To ensure you get the right information, stick to official sources such as the Federal Student Aid website and your student loan service. You can also sign up for updates from the Ministry of Education to receive notifications about the cancellation of student loans.

Wait to refinance

There have been anecdotal reports of some loan servicers encouraging borrowers to refinance their student loans before interest rates rise again. As interest rates rise, refinancing federal student loans will affect your eligibility for forgiveness.

When you refinance federal student loans, they become private debt and will no longer be eligible for federal benefits such as income-based repayment plans, extended forbearance plans, and most importantly, loan forgiveness options.

If you refinance your federal loans right now, you’ll miss Biden’s loan cancellation. There is no way to undo the refinance; it is definitive and permanent. Thoroughly research the pros and cons of refinancing federal student loans before taking action — and if you’re eligible for Biden’s pardon opportunity, wait until it’s fully processed before refinancing.

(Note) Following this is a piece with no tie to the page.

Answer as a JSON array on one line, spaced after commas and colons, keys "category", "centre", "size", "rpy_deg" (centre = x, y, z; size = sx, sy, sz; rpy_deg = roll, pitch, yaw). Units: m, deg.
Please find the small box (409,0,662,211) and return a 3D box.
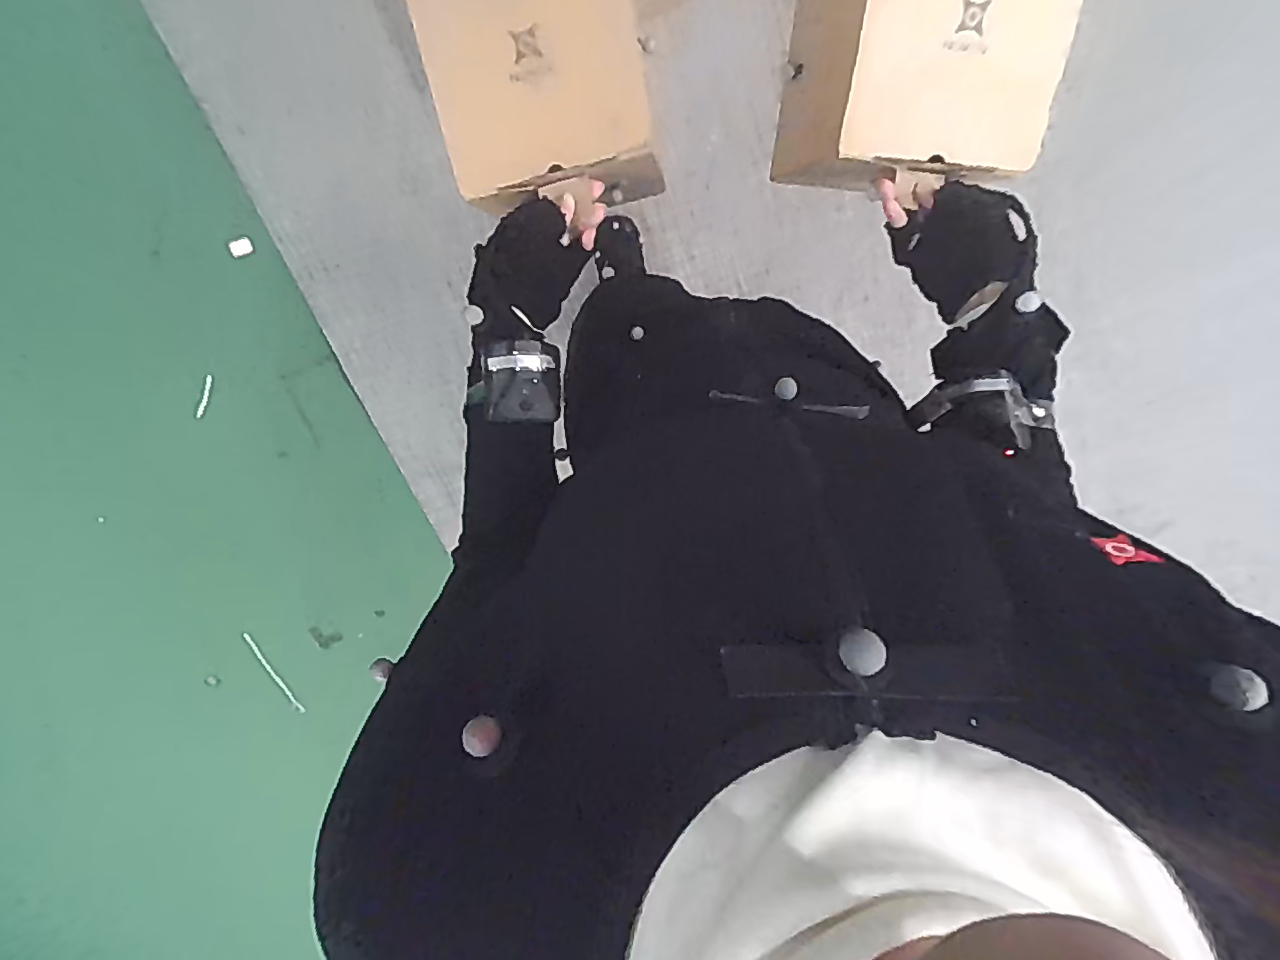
[{"category": "small box", "centre": [-0.078, -0.358, 0.485], "size": [0.168, 0.176, 0.179], "rpy_deg": [-11, 105, 8]}]
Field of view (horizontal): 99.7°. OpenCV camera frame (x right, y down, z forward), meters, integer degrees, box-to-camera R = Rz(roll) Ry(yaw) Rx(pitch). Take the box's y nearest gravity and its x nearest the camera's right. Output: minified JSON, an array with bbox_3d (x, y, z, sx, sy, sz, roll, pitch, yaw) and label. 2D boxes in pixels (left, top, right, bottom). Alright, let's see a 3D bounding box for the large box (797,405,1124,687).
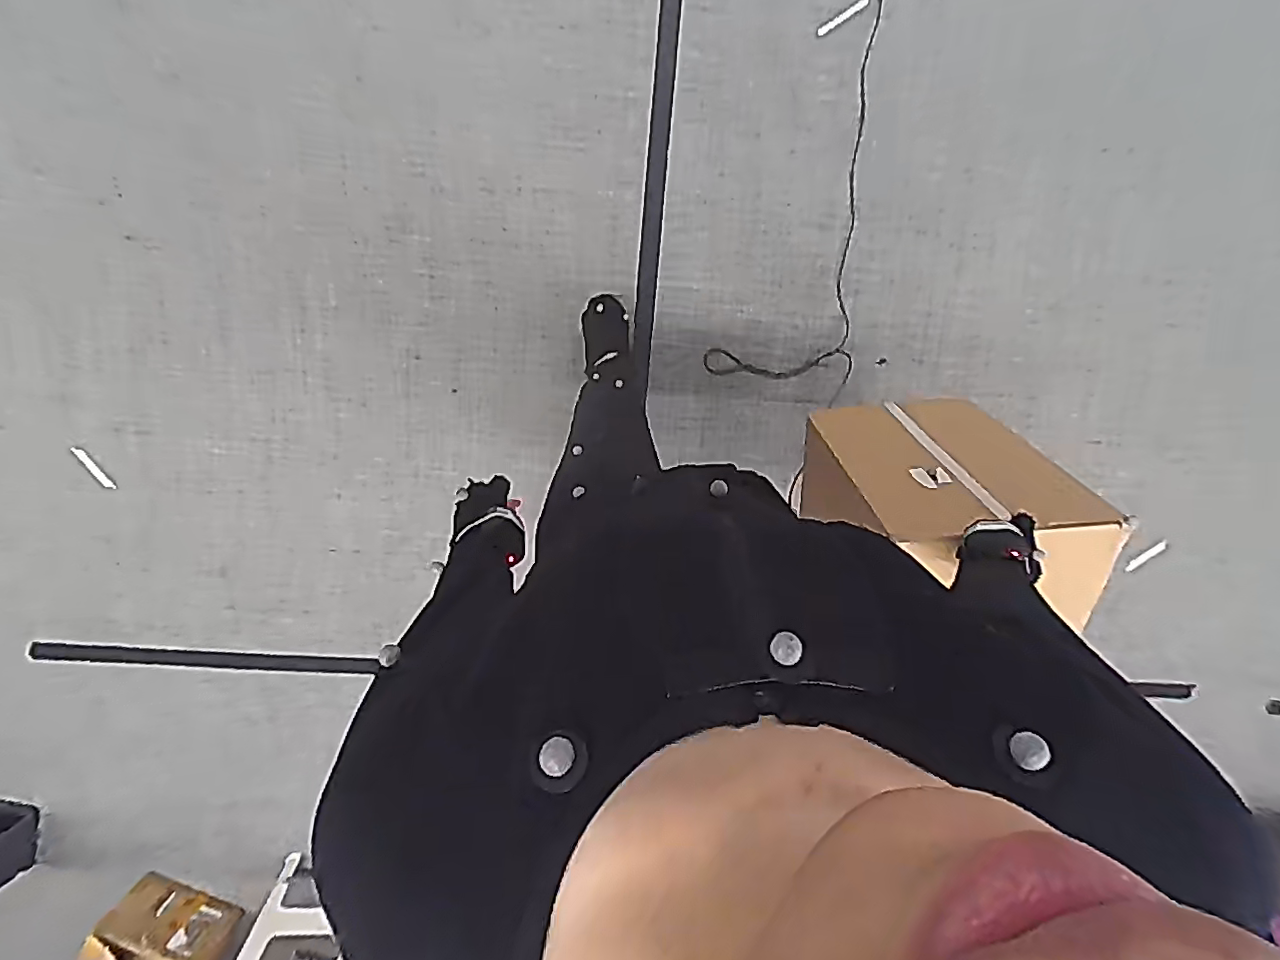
[{"bbox_3d":[0.502,0.097,0.971,0.320,0.408,0.320,-6,123,1],"label":"large box"}]

What to do if you think you’ve been scammed

Contact your bank or credit card company

If you mistakenly pay a company to help cancel your loan, you can try to get your money back through your bank or credit card company.

Call your bank or credit card issuer‘s anti-fraud department as soon as possible, even if the money hasn’t been withdrawn from your account yet. The bank can close your account, send you a new card or put an alert on your account for any suspicious withdrawals. The representative should also be able to explain your eligibility for reimbursement of lost money.

File a complaint

If you have been scammed, contact the official federal student aid website to file a complaint. You can also report the fraud to Federal Trade Commission and your state attorney general’s office. Filing a complaint can help you get your money back, and it will also alert authorities to new scams and raise awareness.

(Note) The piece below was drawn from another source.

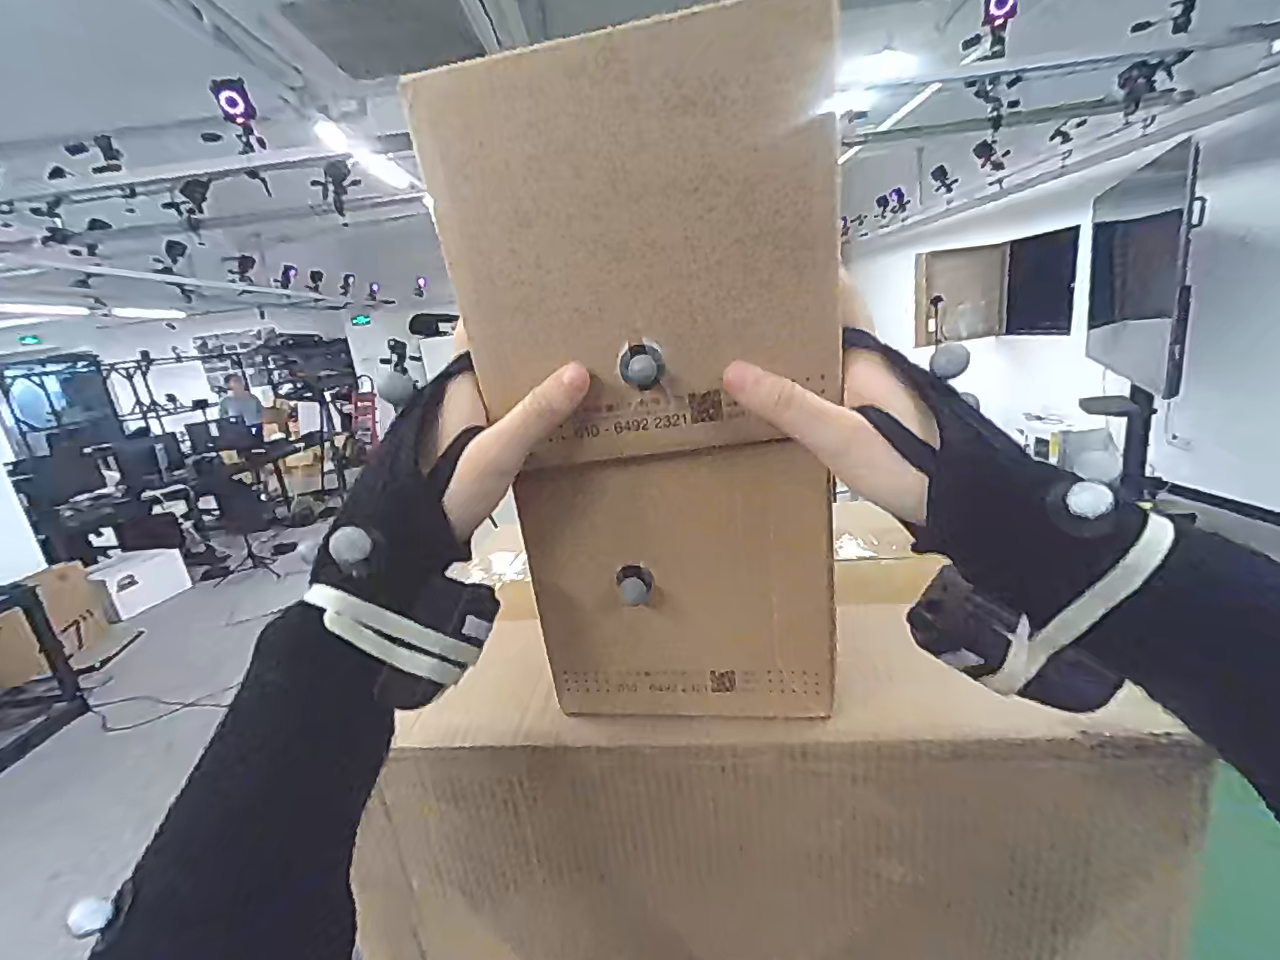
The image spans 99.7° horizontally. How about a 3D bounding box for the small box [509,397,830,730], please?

Use your identity theft insurance

Some renters and homeowners insurance policies include identity theft coverage, or you may have chosen to add it to your standard policy. If you have this coverage, the insurance company can help pay for any expenses incurred while trying to recover your identity.

Levin says insurance companies can also provide access to trained fraud experts who will guide you through the process. Reversing the damage caused by identity theft can be a stressful and time-consuming process, so having a professional in your area could be a real help.